Al Sharpton Shrugs Off FBI Informant Revelations: ‘I Wasn’t With The Rats – I’m A Cat. I Chase Rats.’

The Reverend Al Sharpton downplayed his role as an FBI informant who went undercover to target key mafia figures, reports The New York Daily News.

Speaking form his National Action Network headquarters in Harlem, Al Sharpton was addressing a story published by The Smoking Gun which explores his past and present while highlighting his alleged clandestine work with the FBI.

“I was not and am not a rat because I wasn’t with the rats,” said Sharpton. “I’m a cat. I chase rats.”

Sharpton says he only went to the feds because mobsters were threatening his life, so he never considered himself an informant. The government, meanwhile, gave him the code name Confidential Informant 7, or CI-7 for short.

“I don’t know if I’m C-7 or B-19. I don’t know none of that,” said Sharpton. “I know I was threatened. I did what anybody would do…other than a thug. And I cooperated.”

The Smoking Gun story, titled, Al Sharpton’s Secret Work As FBI Informant – Untold story of how activist once aided probes of NYC wiseguys, has been making waves since Monday. In it, Sharpton ‘s past – including alleged mob-ties and informant allegations – is contrasted with his current high level of influence and prominence, both within the Obama administration and in the media.

Sharpton Obama
Al Sharpton, then and now - The Reverend and activist has long been a prominent public figure.

The Smoking Gun Story begins:

“When friends and family members gathered recently at the White House for a private celebration of Michelle Obama’s 50th birthday, one of the invited partygoers was a former paid FBI Mafia informant… He was seated with his girlfriend at a table adjacent to President Barack Obama, who is likely unaware that, according to federal agents, his guest once interacted with members of four of New York City’s five organized crime families.

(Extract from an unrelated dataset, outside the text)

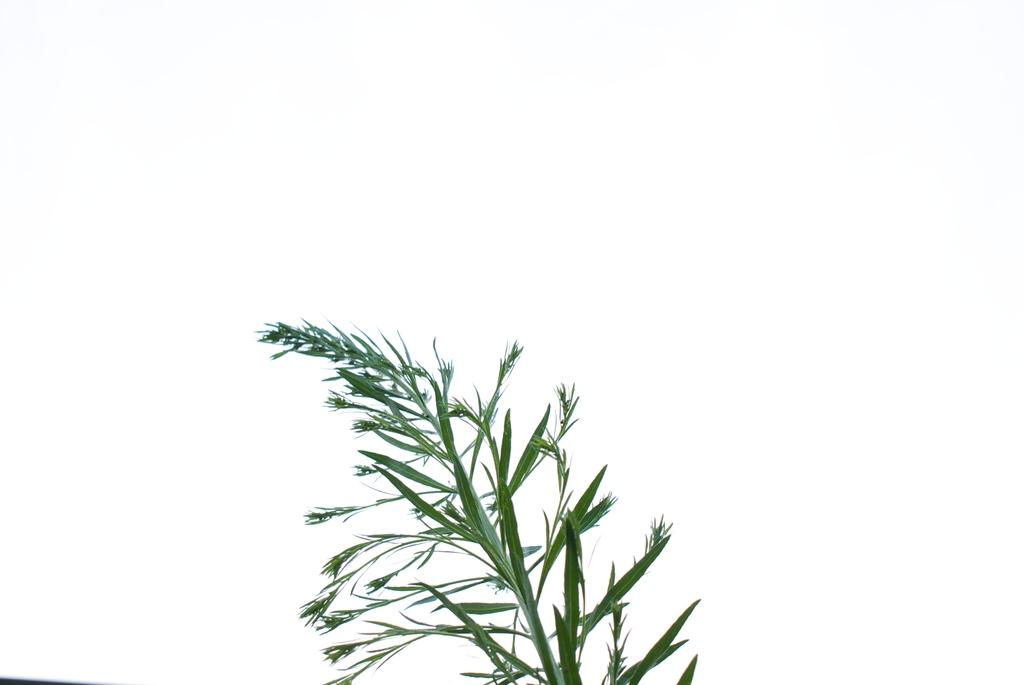What type of living organism can be seen in the image? There is a plant in the image. What color is the background of the image? The background of the image is white. What type of road can be seen in the image? There is no road present in the image; it features a plant and a white background. 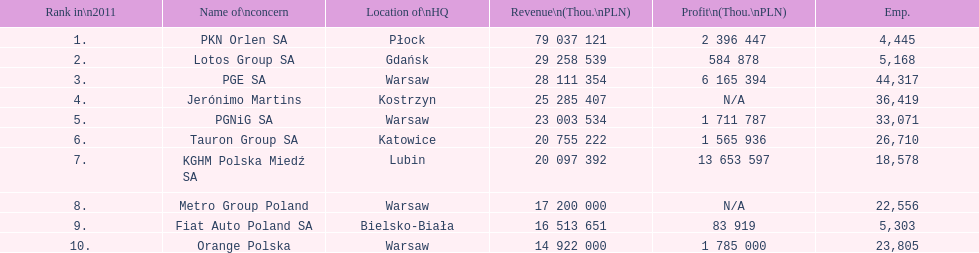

He even secretly taped some of those wiseguys using a briefcase that FBI technicians outfitted with a recording device.”

The Smoking Gun and other news organizations have contended that Al Sharpton’s involvement as an informant was the result of him being caught on video talking cocaine deals with a drug kingpin, and by helping the feds, Sharpton avoided being charged.

Al Sharpton says the video was just of a failed sting.

In response to all the new information regarding his 1980s work as an informant, Al Sharpton claims he “did what was right” by helping the FBI and NYPD go after mafia figures.

New York Mayor, Bill de Blasio, agrees with Sharpton. De Blasio is on board to give a speech at this week’s National Action Network convention on Wednesday, followed by a speech from, none other than, President Obama on Friday.

“Doesn’t change the relationship one bit. I’m very proud to be his friend,” de Blasio said of Sharpton with regard to the new revelations.

“What’s obvious from what he said this very morning is that he was asked by the FBI to support their efforts,” continued de Blasio. “And he agreed to help. And that’s what a citizen should do.”

The author of the Smoking Gun story on Al Sharpton’s FBI ties, William Bastone, thinks Sharpton’s claims are extremely suspect.

“The idea that he (Sharpton) made the recordings because this guy supposedly threatened him…. It’s just totally crazy,” said William Bastone, author of The Smoking Gun story. “He may not like considering himself a confidential informant, but that’s what he was. He wasn’t doing this out of the goodness of his heart.”

Al Sharpton countered, calling the whole thing racist, that when blacks help law enforcement they’re labeled snitches while others get called heroes.